Part of diversion, Fantozzi said, is informing the public about what mental health or related resources exist locally. In addition to the behavioral health network, and in recognition of the high correlation between substance abuse and mental health issues, she will refer people, when appropriate, to Flathead Valley Chemical Dependency, Celebrate Recovery and local chapters of Alcoholics Anonymous and Narcotics Anonymous.
Another part of diversion is training people how to spot potential mental health issues in others. To that end, Fantozzi established a county-funded Mental Health First Aid program, outside the behavioral health network, after she was trained and certified earlier this year to teach it.

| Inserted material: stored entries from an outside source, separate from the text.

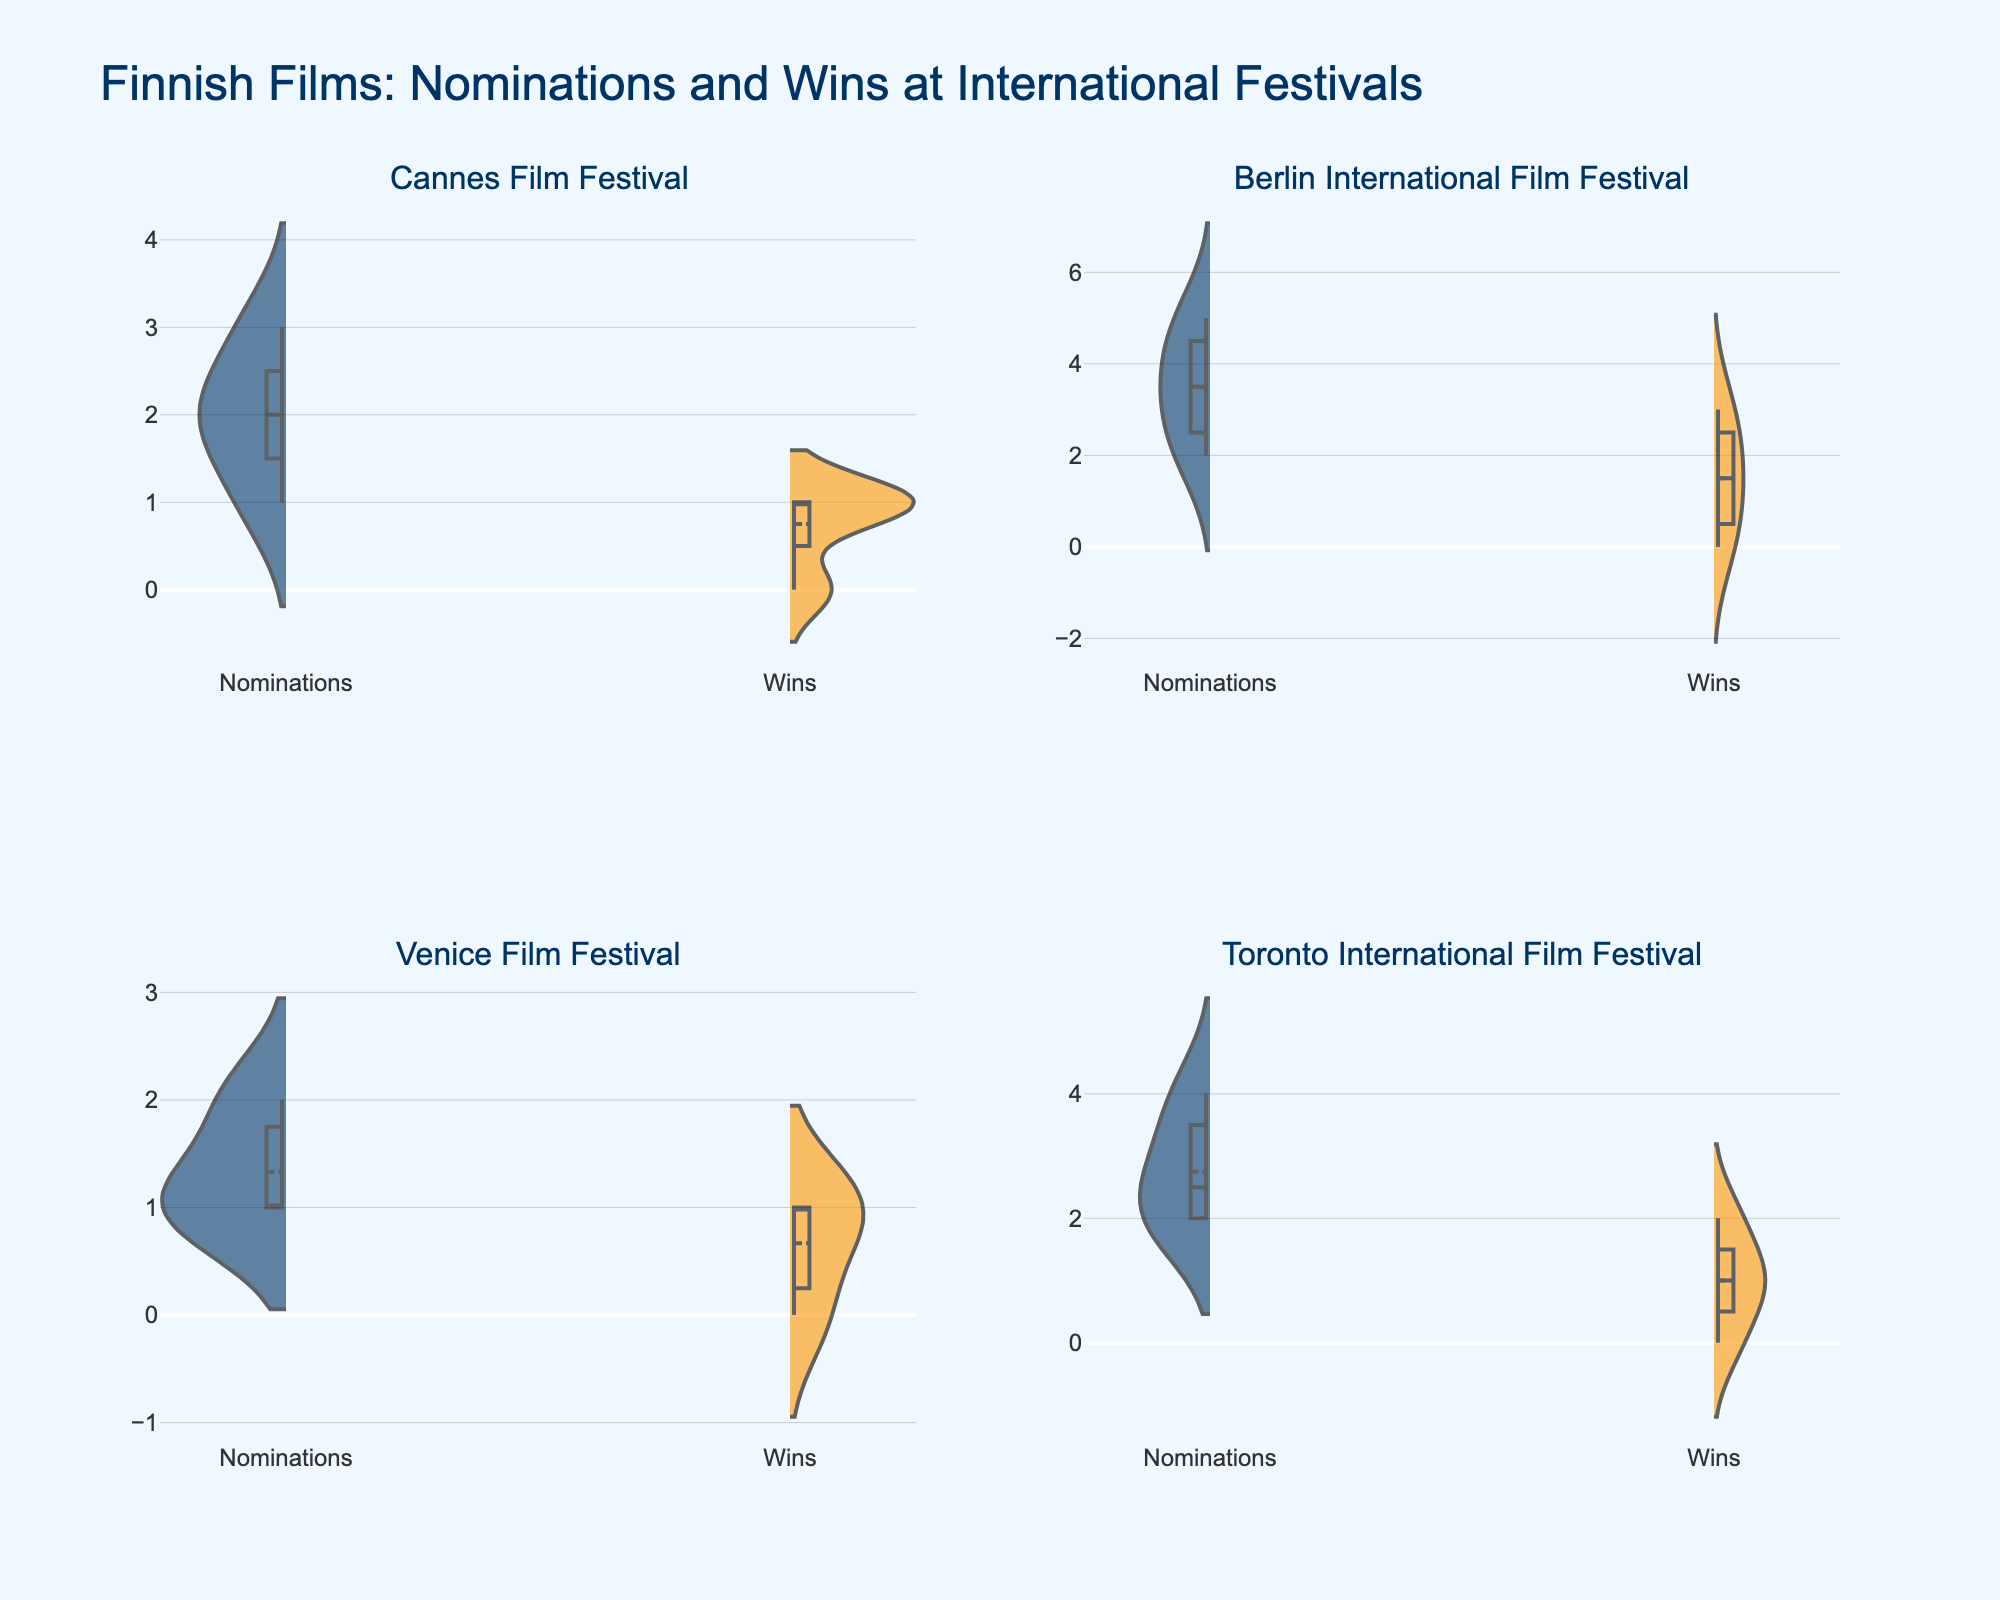What's the title of the figure? The title is typically located at the top of the figure. In this case, it reads "Finnish Films: Nominations and Wins at International Festivals".
Answer: Finnish Films: Nominations and Wins at International Festivals Which color represents wins in the violin plots? The legend or visual cues in the figure indicate which color represents which category. Here, the wins are represented by orange.
Answer: orange How many festivals are compared in this figure? The subplot titles for each violin plot indicate different festivals, and there are four subplots, each labeled with a different festival name.
Answer: four What is the festival with the highest mean number of wins? By examining the mean lines (usually bold or differently styled) in the 'Wins' violin plots, the Berlin International Film Festival displays the highest mean value for wins.
Answer: Berlin International Film Festival Which festival has the most number of nominations for a film? The maximum length of the 'Nominations' violin plot gives an idea of the highest number of nominations. The Berlin International Film Festival has a film with 5 nominations.
Answer: Berlin International Film Festival What's the median value of nominations for films in the Cannes Film Festival? The median value can be obtained from the middle of the box plot within the violin plot for 'Nominations'. For the Cannes Film Festival, the median is 2.
Answer: 2 Comparing 'Nominations', which festival shows the least spread in the data? The spread of the data in a violin plot is shown by the width. The Venice Film Festival's 'Nominations' plot appears to have the smallest spread.
Answer: Venice Film Festival Which film festival features the highest number of wins for a single film? Looking at the upper bound of the 'Wins' violin plot, 'The Man Without a Past' at the Berlin International Film Festival appears to have the highest number, with 3 wins.
Answer: Berlin International Film Festival How do the nomination distributions compare between the Cannes Film Festival and the Toronto International Film Festival? When comparing the shape and breadth of the 'Nominations' violin plots, The Cannes Film Festival has a wider spread with a range up to 3, whereas Toronto's range extends up to 4, indicating more variability and a higher maximum number for Toronto.
Answer: Toronto has a higher range and variability in nominations What does the absence of violin plot on one side indicate for any festival? An absent violin plot on one side, such as the 'side=positive' or 'side=negative', indicates no data points on that metric. For example, if 'Wins' or 'Nominations' plot is missing, that implies no nominations or wins.
Answer: No data points for absent metric 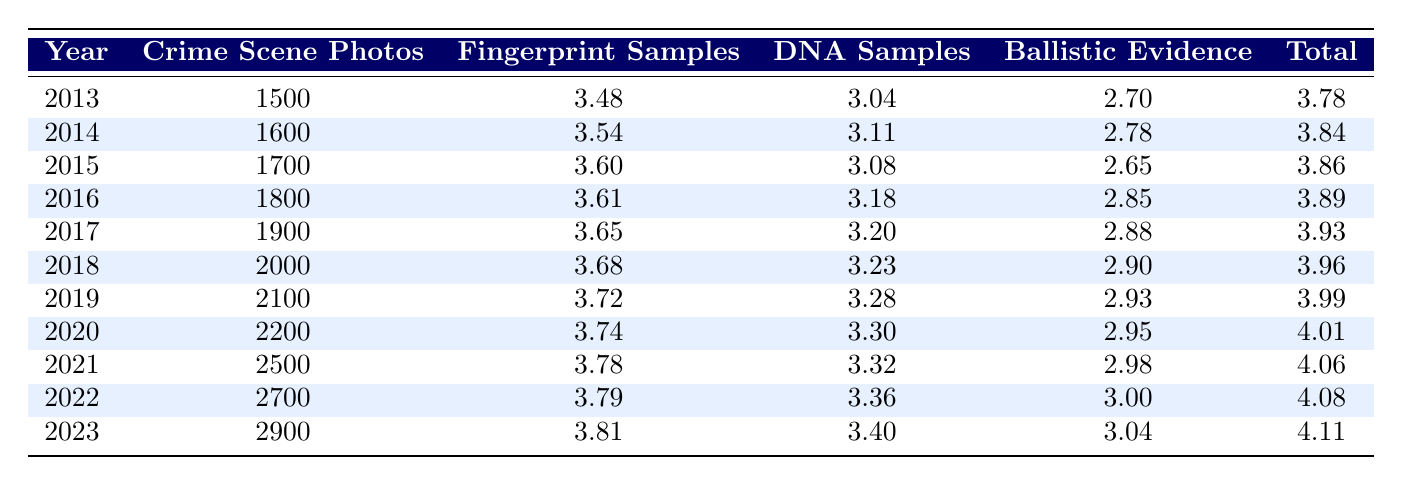What year saw the highest number of crime scene photos? The table shows the number of crime scene photos for each year from 2013 to 2023. Scanning through the years, 2023 has the highest value of 2900, which is the largest number represented in the table.
Answer: 2023 What was the total number of DNA samples collected in 2016 and 2017? Referring to the table, the count of DNA samples for 2016 is 1500, and for 2017 it is 1600. Adding these values together gives 1500 + 1600 = 3100.
Answer: 3100 In which year did the number of fingerprint samples first exceed 4500? Looking at the fingerprint samples for each year, the number first exceeds 4500 in 2017, where there are 4500 samples. The prior year, 2016, records 4100.
Answer: 2017 Is the average number of ballistic evidence collected in 2019 and 2020 more than 850? For 2019, the number of ballistic evidence is 850, and for 2020 it is 900. To find the average, we add these two values (850 + 900 = 1750) and then divide by 2, giving us 1750/2 = 875. Since 875 is greater than 850, the statement is true.
Answer: Yes What is the difference in the total number of samples (fingerprints + DNA + ballistic) between the years 2018 and 2022? For 2018, the totals are fingerprint samples (4800) + DNA samples (1700) + ballistic evidence (800) which equals 4800 + 1700 + 800 = 6300. For 2022, the totals are fingerprint samples (6200) + DNA samples (2300) + ballistic evidence (1000) summing up to 6200 + 2300 + 1000 = 9500. The difference is 9500 - 6300 = 3200.
Answer: 3200 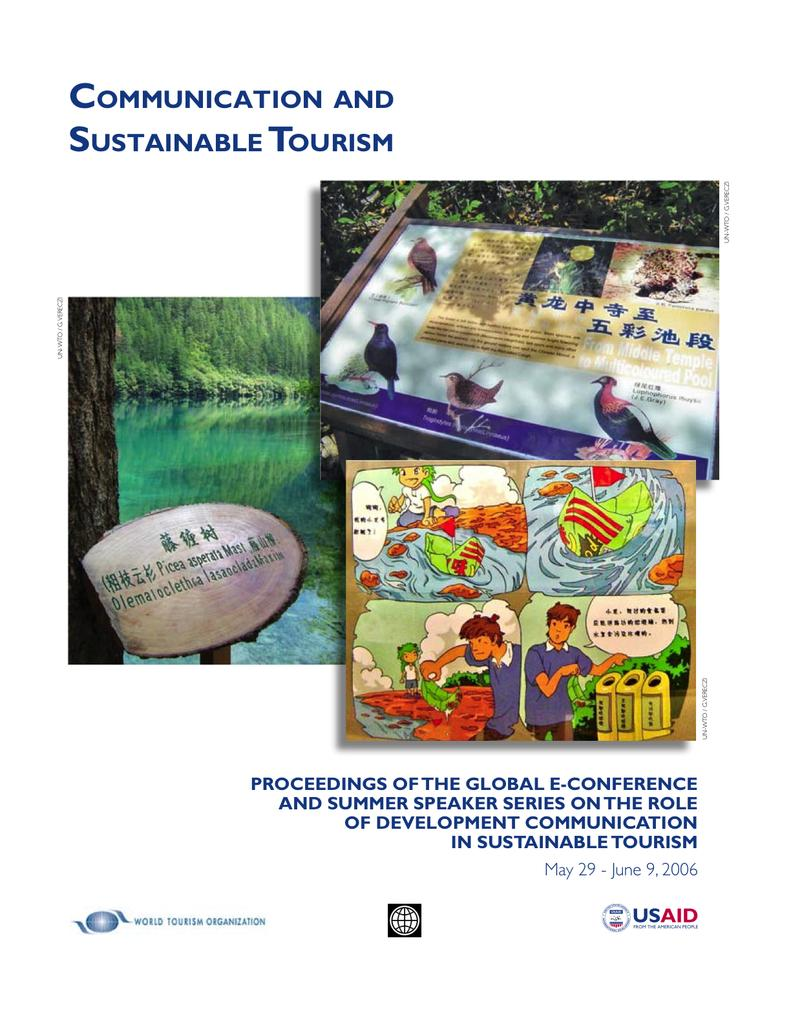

The first training, held April 30, went "fabulous," Fantozzi said. Seventeen county employees -- including sheriff's deputies, public health staff and a county commissioner -- attended the eight-hour course, took the quiz at the end and were certified for three years.
Mental Health First Aid training enables people to recognize when someone might be showing early signs of a mental health crisis or suicidal behavior, Fantozzi said. Those who receive the training now know what to say, what to ask, how to listen and how to help that person get help, she said.
"You want to help people in the early stages of illness find help before it gets to a point where it's affected their ability to live, laugh and love," Fantozzi said.
The Mental Health First Aid website at http://www.mentalhealthfirstaid.org lists numerous studies of the program's efficacy. One study from earlier this year, funded by the National Health and Medical Research Council in Australia, where the program was created, found it to be "a noteworthy contribution to improving the lives of people with mental health problems."